Fonctionnement du comité d’entreprise : les clés

Depuis 1945, les entreprises dénombrant plus de 50 salariés sont légalement tenues d’instaurer un comité d’entreprise. Assurant la gestion des activités économiques, cette instance destinée à représenter les salariés organise également les activités culturelles et sociales de l’entreprise. Découvrez son mode de fonctionnement.

Composition et fonctionnement du comité d’entreprise

Le fonctionnement du comité d’entreprise est assuré par un bureau dont les membres sont votés par les salariés. Il est présidé tout d’abord par le chef d’entreprise ou son représentant qui a le droit de se faire entourer par deux collaborateurs qui n’auront pas de droit de vote. Le comité est également composé d’une délégation de personnel dont les membres sont élus par les collaborateurs. Leur effectif dépend du nombre de salariés dans l’entreprise. Entre 50 et 74 salariés, il faudra 5 délégués titulaires et 5 suppléants. Entre 100 et 499 salariés, il est exigé au minium d’avoir 8 titulaires et 8 suppléants. Et ainsi de suite. En dernier lieu, le CE doit être constitué de représentants syndicaux qui n’ont pas de droit de vote. Des explications sont disponibles ici.

Pour travailler, il bénéficie d’un local dans l’entreprise qui est équipé de tous les matériels nécessaires pour accomplir ses tâches dans les meilleures conditions. Le CE est tenu de se réunir une fois tous les deux mois dans les sociétés de moins de 150 salariés. Au-delà de ces 150 employés, la réunion doit se faire mensuellement.

Concernant le budget, il se décline en deux types : d’une part, la subvention de financement et d’autre part, la contribution aux activités sociales et culturelles. Le premier budget doit représenter 0,2% de la masse salariale brute. Il doit obligatoirement être mis à disposition par l’employeur et va servir à régler les divers frais de fonctionnement (matériels, dépenses courantes, frais de formation, honoraires des experts extérieurs, etc.). Le second budget pour sa part est affecté aux dépenses sociales et culturelles. La loi n’impose aucun montant minimal pour celui-ci.
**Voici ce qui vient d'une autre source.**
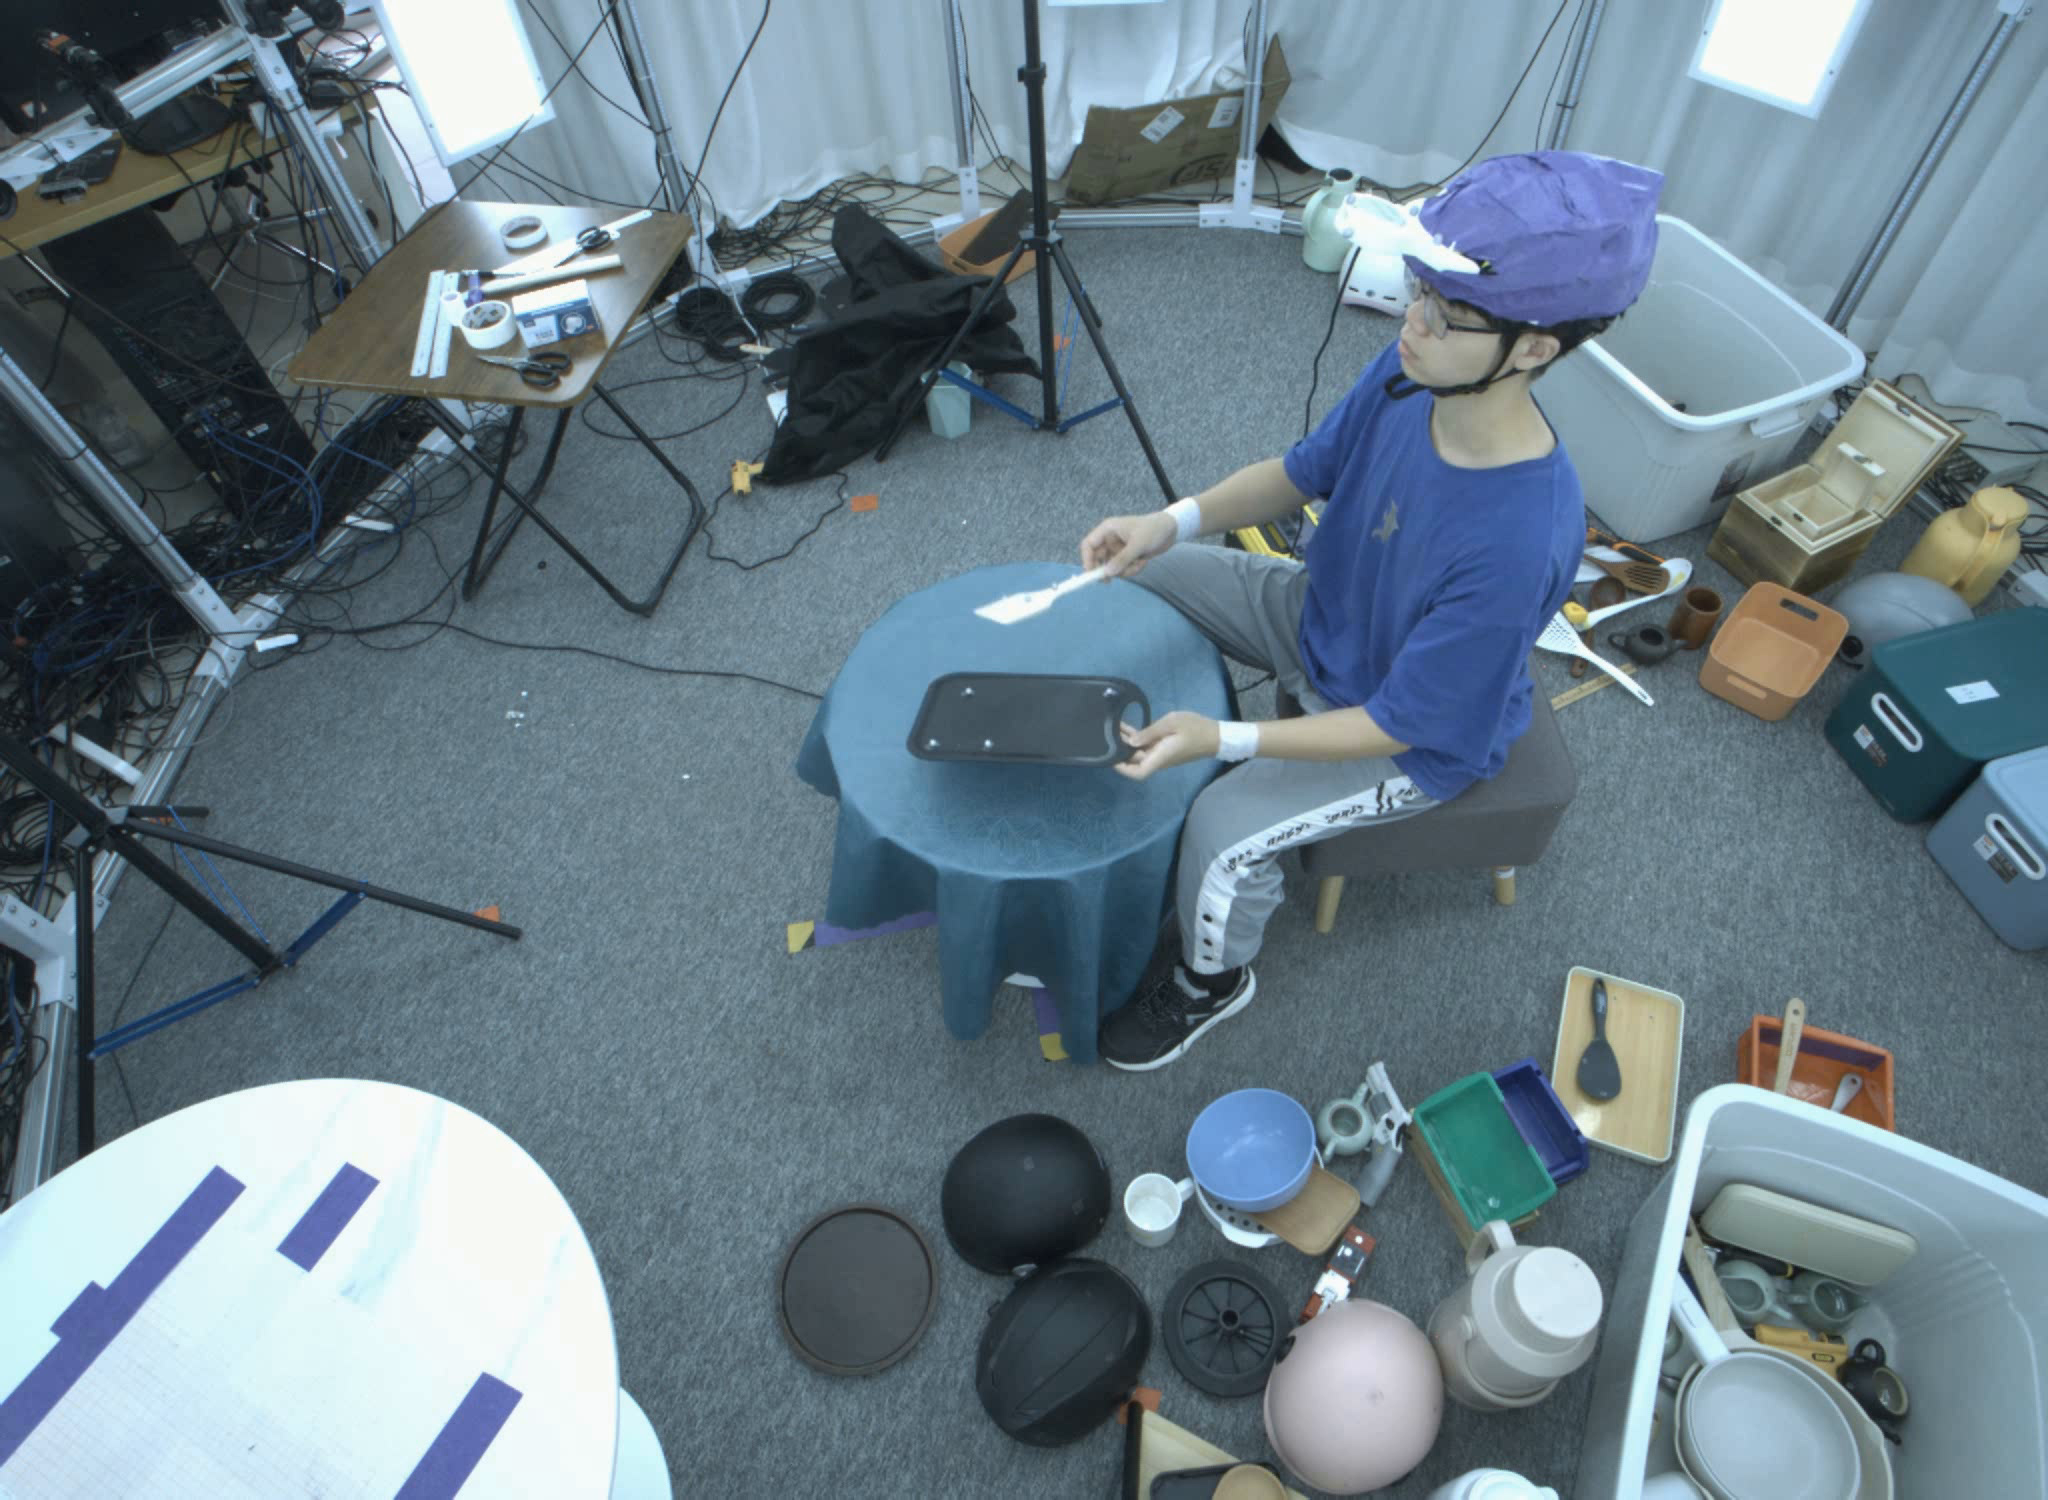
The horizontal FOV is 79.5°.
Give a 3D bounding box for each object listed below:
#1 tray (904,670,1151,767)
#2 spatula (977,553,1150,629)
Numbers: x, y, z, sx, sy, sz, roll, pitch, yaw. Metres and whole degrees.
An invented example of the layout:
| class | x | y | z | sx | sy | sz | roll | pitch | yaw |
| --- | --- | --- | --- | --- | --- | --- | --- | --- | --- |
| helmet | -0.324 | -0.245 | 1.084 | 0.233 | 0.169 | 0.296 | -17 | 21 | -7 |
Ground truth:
| class | x | y | z | sx | sy | sz | roll | pitch | yaw |
| --- | --- | --- | --- | --- | --- | --- | --- | --- | --- |
| tray | 0.010 | -0.048 | 1.676 | 0.323 | 0.010 | 0.210 | 3 | 38 | 9 |
| spatula | 0.065 | -0.224 | 1.700 | 0.297 | 0.011 | 0.070 | -28 | 35 | -33 |

Les missions attribuées à cette instance

Le CE dispose de plusieurs attributions économiques. L’employeur est tenu de consulter le CE avant de prendre des décisions liées aux conditions d’emploi, à la durée de travail, aux projets de licenciement, au changement du règlement intérieur ou encore aux formations professionnelles. Conformément au Code de travail, il existe certaines opérations qui ne peuvent pas être menées par l’employeur sans l’aval du CE. Mais il existe des décisions auxquelles le comité ne peut pas s’opposer. Par contre, il a tout à fait le droit de négocier.

Outre l’aspect économique, le CE a également un rôle social et culturel important. Aujourd’hui, beaucoup d’entreprises investissent dans le bien-être de leurs salariés, car elles savent que c’est gage de motivation et de productivité. Pour cela, elles comptent sur leur CE. Ce dernier régit les activités sportives et de loisirs, le service santé au travail, la gestion des institutions sociales de retraite, de mutuelle ou encore de prévoyance. Les éventuels services sociaux de l’entreprise sont entre autres gérés par le CE. La liste de ces activités est très longue et est définie par le Code du travail (art R.2323-20).